Modern aeroplanes now are rather like personal computers in the relationship pilots have with them: most people are skillful users of tablets or laptops for routine tasks, but never have a chance to try out their full capabilities, most of which would rarely be needed. But if things go wrong or something unusual happens, the user is often out of his depth.

The Royal Aeronautical Society is hosting its two-day International Flight Crew Training Conference in London next week. This is one of the subjects that will be examined there.

Flydubai accident update from MAK

David Learmount Uncategorized , , , , , , ,

Russian accident investigator MAK has released preliminary information from the flight data recorder suggesting that there was no mechanical or aircraft systems fault in the Flydubai Boeing 737-800 at the time it appeared to go out of control and crash on final approach to Rostov on Don (see details in blog entry for 20 March).

Also since the previous blog story was written, video imagery has been released indicating that the final trajectory of the aircraft to impact was a nose-down high speed dive, which matches closely the flight profile of a Tatarstan Airlines 737-500 before it crashed on approach to Kazan, Russia in November 2013 (see also 20 March story for details).

If the MAK confirms these details in a fuller release soon it will highlight a need for the industry to train crews better for all-engines go-around manoeuvres because of the potentially dangerous combination – especially at night or in IMC – of the strong pitch-up moment caused by go-around power from underslung engines, plus “somatogravic illusion” in the pilots.
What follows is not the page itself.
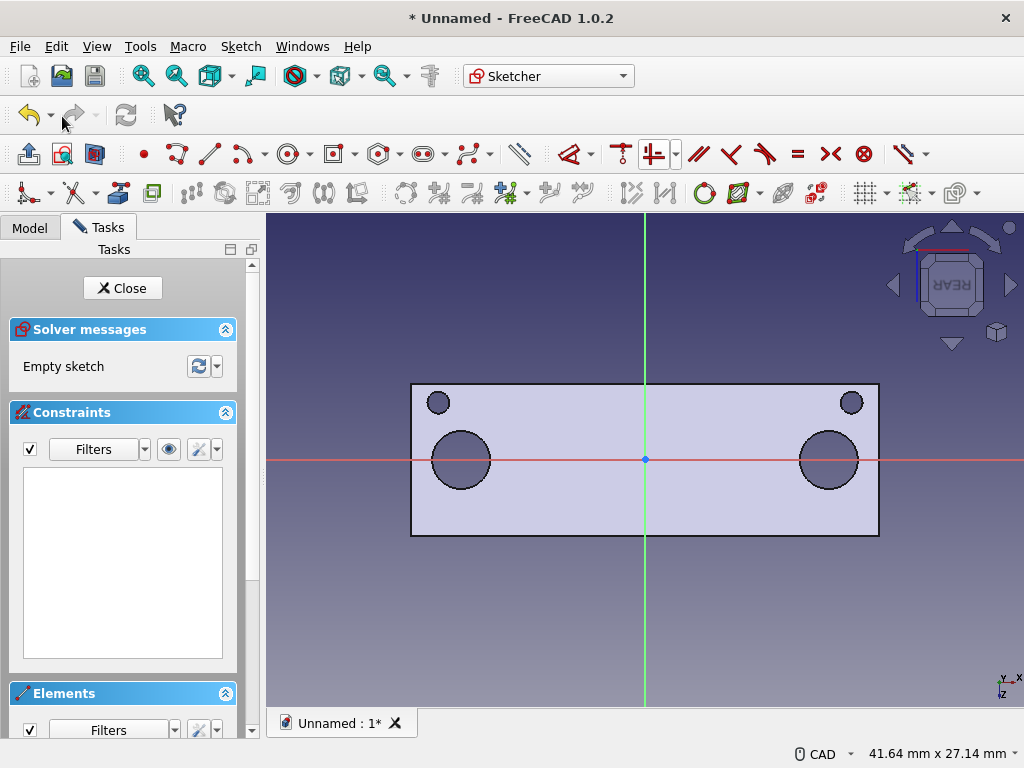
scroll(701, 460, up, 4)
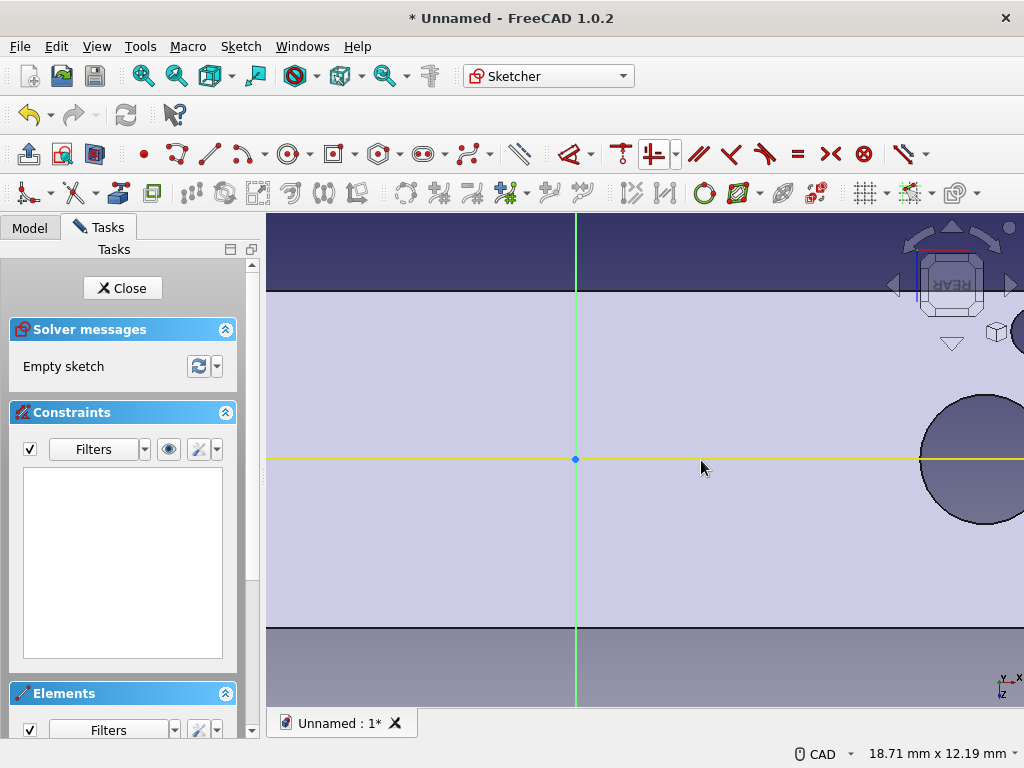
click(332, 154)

Somatogravic illusion is the feeling induced by rapid forward acceleration that the nose has pitched up when it has not.

Another factor in this lack of crew familiarity with all-engines-go-around risks is believed to be that the go-arounds most practiced during recurrent training involve an engine-out abandoned approach, in which the power, pitch-up moment, climb rate and airspeed acceleration are all much more gentle.

The Flight Safety Foundation has been alerting airlines to this risk for many years now, and some airlines have modified their recurrent training accordingly.

Pilot groups in Dubai are also alleging that crew fatigue may have played a part in this accident. If this is true, it will emerge in the MAK final report.